Van der Klaauw applied a fuzzy RDD to study how financial aid offers affect college enrollment decisions, exploiting discontinuities in an aid assignment rule where eligibility changes at GPA thresholds but compliance is imperfect. This paper is one of the earliest and most influential applications of fuzzy RDD.
Angrist, J. D., & Lavy, V. (1999). Using Maimonides' Rule to Estimate the Effect of Class Size on Scholastic Achievement.
Angrist and Lavy exploited a rule that caps class sizes at 40 students, creating discontinuities in class size as enrollment crosses multiples of 40. The imperfect compliance with the rule makes this a fuzzy RDD. This paper is one of the most widely taught examples of the fuzzy RDD approach.
Flammer, C. (2015). Does Corporate Social Responsibility Lead to Superior Financial Performance?
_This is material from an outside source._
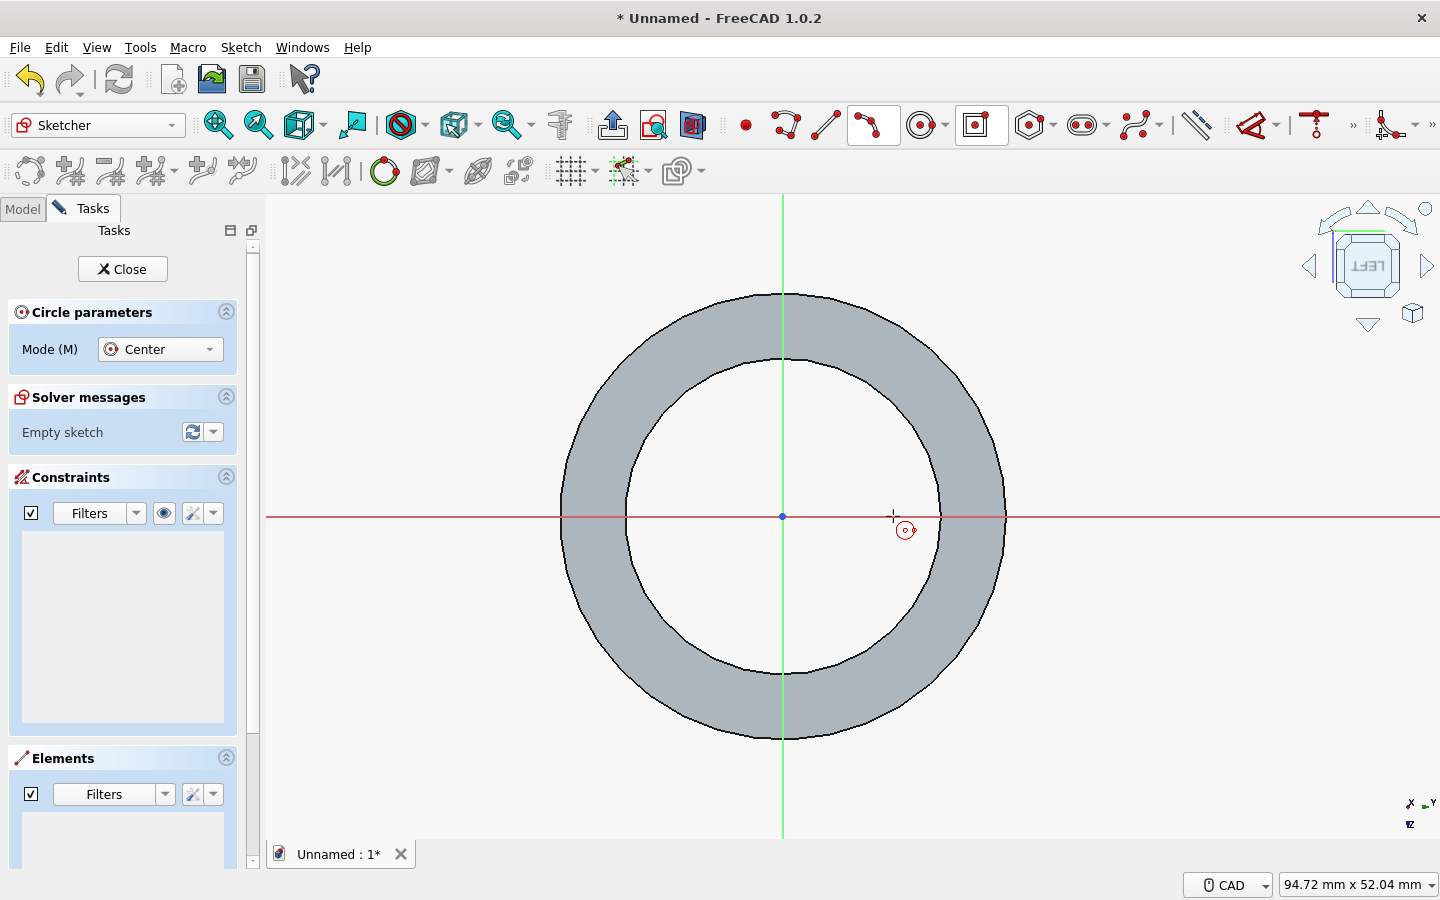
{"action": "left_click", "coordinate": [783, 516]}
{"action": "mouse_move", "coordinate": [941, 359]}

A Regression Discontinuity Approach.
Flammer used a sharp RDD design based on close shareholder votes on CSR proposals, where proposals that barely pass versus barely fail are essentially randomly determined. Published in Management Science, it demonstrated the power of RDD for studying corporate governance questions.
Cunat, V., Gine, M., & Guadalupe, M. (2012). The Vote Is Cast: The Effect of Corporate Governance on Shareholder Value.
Cunat, Gine, and Guadalupe used a fuzzy RDD around the majority threshold in shareholder governance proposals to estimate the causal effect of governance provisions on firm value. This paper is a leading example of fuzzy RDD applied to corporate governance and finance.
Survey (1)
Cattaneo, M. D., Idrobo, N., & Titiunik, R. (2020). A Practical Introduction to Regression Discontinuity Designs: Foundations.
A practical and accessible guide to implementing regression discontinuity designs, covering both sharp and fuzzy cases with worked examples and code. Part of the Cambridge Elements series, it provides step-by-step guidance on bandwidth selection, estimation, and inference using the rdrobust toolkit.